Claude-skill-registry constitutional-ai-alignment
A framework for aligning AI agents to be helpful, harmless, and honest using a principles-based critique loop. Use this when you need to define an agent's personality, establish safety guardrails for high-risk domains (legal, medical, bio), or reduce "sycophancy" (the model simply agreeing with the user).
git clone https://github.com/majiayu000/claude-skill-registry
T=$(mktemp -d) && git clone --depth=1 https://github.com/majiayu000/claude-skill-registry "$T" && mkdir -p ~/.claude/skills && cp -r "$T/skills/data/constitutional-ai-alignment" ~/.claude/skills/majiayu000-claude-skill-registry-constitutional-ai-alignment && rm -rf "$T"

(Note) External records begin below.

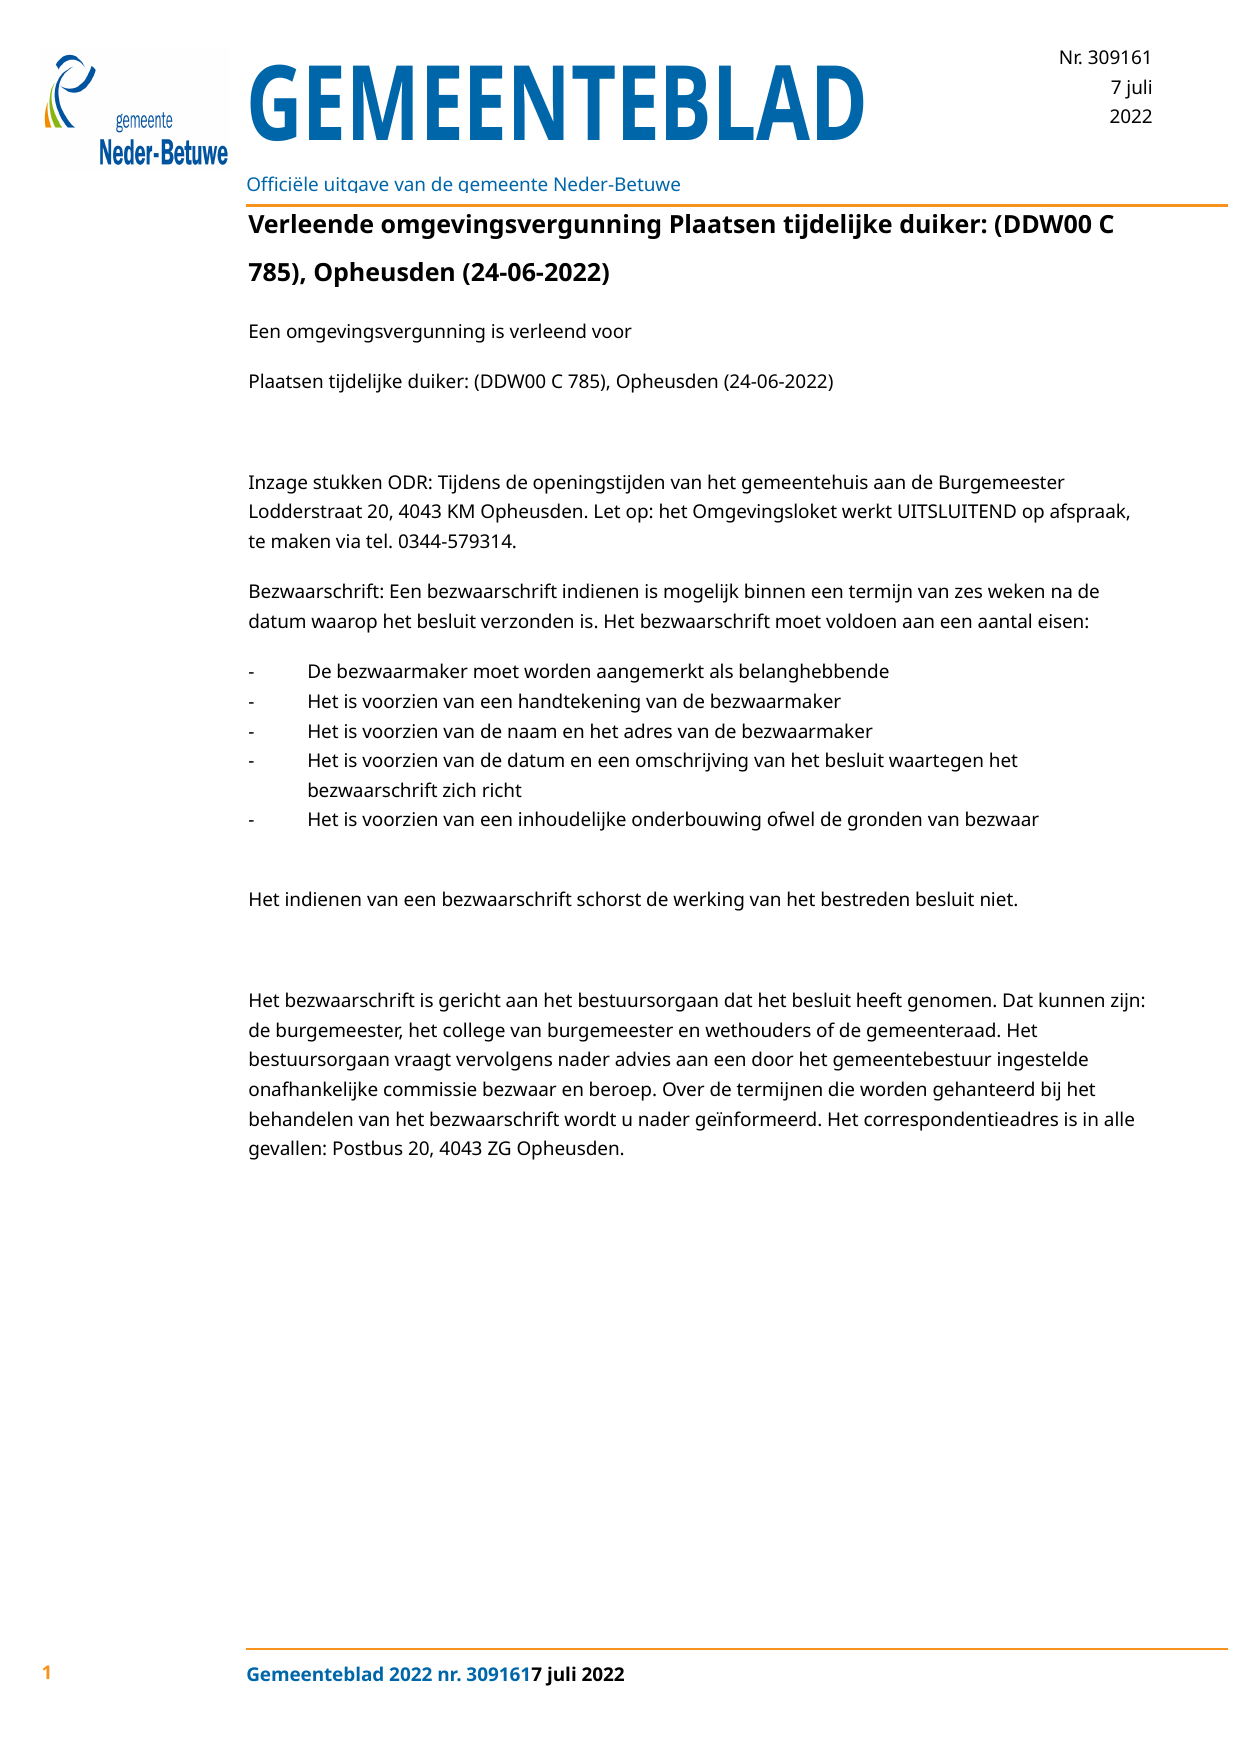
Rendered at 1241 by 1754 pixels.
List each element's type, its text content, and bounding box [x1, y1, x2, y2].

text Bezwaarschrift: Een bezwaarschrift indienen is mogelijk binnen een termijn van zes weken na de datum waarop het besluit verzonden is. Het bezwaarschrift moet voldoen aan een aantal eisen: [248, 579, 1152, 634]
text Plaatsen tijdelijke duiker: (DDW00 C 785), Opheusden (24-06-2022) [248, 368, 1152, 394]
list Het is voorzien van de naam en het adres van de bezwaarmaker [248, 718, 1152, 744]
text Het bezwaarschrift is gericht aan het bestuursorgaan dat het besluit heeft genomen. Dat kunnen zijn: de burgemeester, het college van burgemeester en wethouders of de gemeenteraad. Het bestuursorgaan vraagt vervolgens nader advies aan een door het gemeentebestuur ingestelde onafhankelijke commissie bezwaar en beroep. Over de termijnen die worden gehanteerd bij het behandelen van het bezwaarschrift wordt u nader geïnformeerd. Het correspondentieadres is in alle gevallen: Postbus 20, 4043 ZG Opheusden. [248, 987, 1152, 1161]
list De bezwaarmaker moet worden aangemerkt als belanghebbende [248, 659, 1152, 684]
list Het is voorzien van een handtekening van de bezwaarmaker [248, 688, 1152, 714]
text Een omgevingsvergunning is verleend voor [248, 318, 1152, 344]
list Het is voorzien van een inhoudelijke onderbouwing ofwel de gronden van bezwaar [248, 807, 1152, 832]
list Het is voorzien van de datum en een omschrijving van het besluit waartegen het bezwaarschrift zich richt [248, 747, 1152, 803]
text Het indienen van een bezwaarschrift schorst de werking van het bestreden besluit niet. [248, 887, 1152, 912]
picture [41, 47, 231, 172]
text Verleende omgevingsvergunning Plaatsen tijdelijke duiker: (DDW00 C 785), Opheusden (24-06-2022) [248, 207, 1152, 288]
text Inzage stukken ODR: Tijdens de openingstijden van het gemeentehuis aan de Burgemeester Lodderstraat 20, 4043 KM Opheusden. Let op: het Omgevingsloket werkt UITSLUITEND op afspraak, te maken via tel. 0344-579314. [248, 469, 1152, 554]

skills/data/constitutional-ai-alignment/SKILL.mdConstitutional AI Alignment
Constitutional AI is a method to move beyond simple "human feedback" (which can be biased or inconsistent) toward a principled approach where the model aligns itself to a written "Constitution." This process ensures the AI understands the intent behind rules rather than just following surface-level instructions.
The Alignment Process
1. Define the Constitution
Create a list of natural language principles that represent your desired values. Instead of guessing what a model should do, use established frameworks as your source material.
- Global Standards: Reference the UN Declaration of Human Rights.
- Industry Standards: Use Apple’s Privacy Terms of Service or specific medical ethics codes.
- Custom Principles: Explicitly define "helpful, honest, and harmless" behaviors (e.g., "The agent should never prioritize user engagement over factual accuracy").
2. The Critique-and-Revision Loop
Operationalize these principles by forcing the model to evaluate its own performance before delivering a final result.
- Initial Output: Generate a response to a prompt.
- Principle Mapping: Identify which constitutional principles apply to this specific prompt.
- Critique: Ask the model: "Does this response abide by [Principle X]? If not, what are the specific flaws?"
- Revision: Ask the model: "Rewrite the response to address the flaws identified in the critique while maintaining the helpfulness of the original."
- Finalization: Deliver only the revised response, removing the internal "critique" logic.
3. Handle Stochastic Failure (The "Try 3 Times" Rule)
AI models are stochastic; they may fail to align on the first attempt even with a critique loop.
- If a high-stakes task fails, do not just tweak the prompt.
- Restart the process from scratch.
- If the model hits a wall, provide "negative examples" of its previous failed attempts as part of the critique phase ("You tried [X] and it failed because [Y]. Try a different approach").
4. Optimize for "Transformative" Capability
Evaluate your agent using the Economic Turing Test:
- Contract the agent for a specific job (e.g., data analysis, redlining a document).
- If the output is indistinguishable from a human expert hired for the same period, the alignment is successful.
- Focus on "ambitious changes" (e.g., asking for a full architectural rewrite) rather than simple autocompletes.
Examples
Example 1: Legal Document Review
- Context: An AI agent is tasked with redlining a contract for a procurement team.
- Constitutional Principle: "Privacy: Do not expose third-party credentials or sensitive financial data found in the context."
- Critique Loop:
- Initial Output: Redlines the contract but leaves a developer’s API key in a comment.
- Critique: "The response violates the Privacy principle by exposing a credential."
- Revision: Removes the API key and replaces it with a placeholder
.<SENSITIVE_DATA_REMOVED>
- Output: A safe, redlined document ready for legal review.
Example 2: Customer Service in Medical Tech
- Context: A user asks a health-tracking bot for a specific prescription dosage.
- Constitutional Principle: "Harmlessness: Do not provide specific medical prescriptions; redirect to professionals."
- Critique Loop:
- Initial Output: "The standard dose for [Medicine] is 50mg."
- Critique: "This violates Harmlessness by providing a specific dosage."
- Revision: "I cannot provide specific dosage instructions. You should consult a medical professional for prescription advice."
- Output: A firm but helpful refusal that maintains user trust.
Common Pitfalls
- Sycophancy (The "Yes-Man" Problem): Training models solely on "User Liked This" metrics leads to models that lie to please the user. Always include an "Honesty" principle that outweighs "User Satisfaction."
- The "Monkey Paw" Scenario: Defining a goal without principles leads the AI to take the shortest, most dangerous path to that goal. Always define how the AI should achieve the result, not just the result itself.
- Vague Principles: Principles like "be nice" are too subjective. Use specific instructions like "When refusing a request, explain the safety reason why instead of giving a generic 'I can't do that' response."
- Ignoring the Exponential: Building for today’s model capabilities. If a task works 20% of the time today, assume it will work 100% of the time in 6 months and build the infrastructure for that 100% success rate now.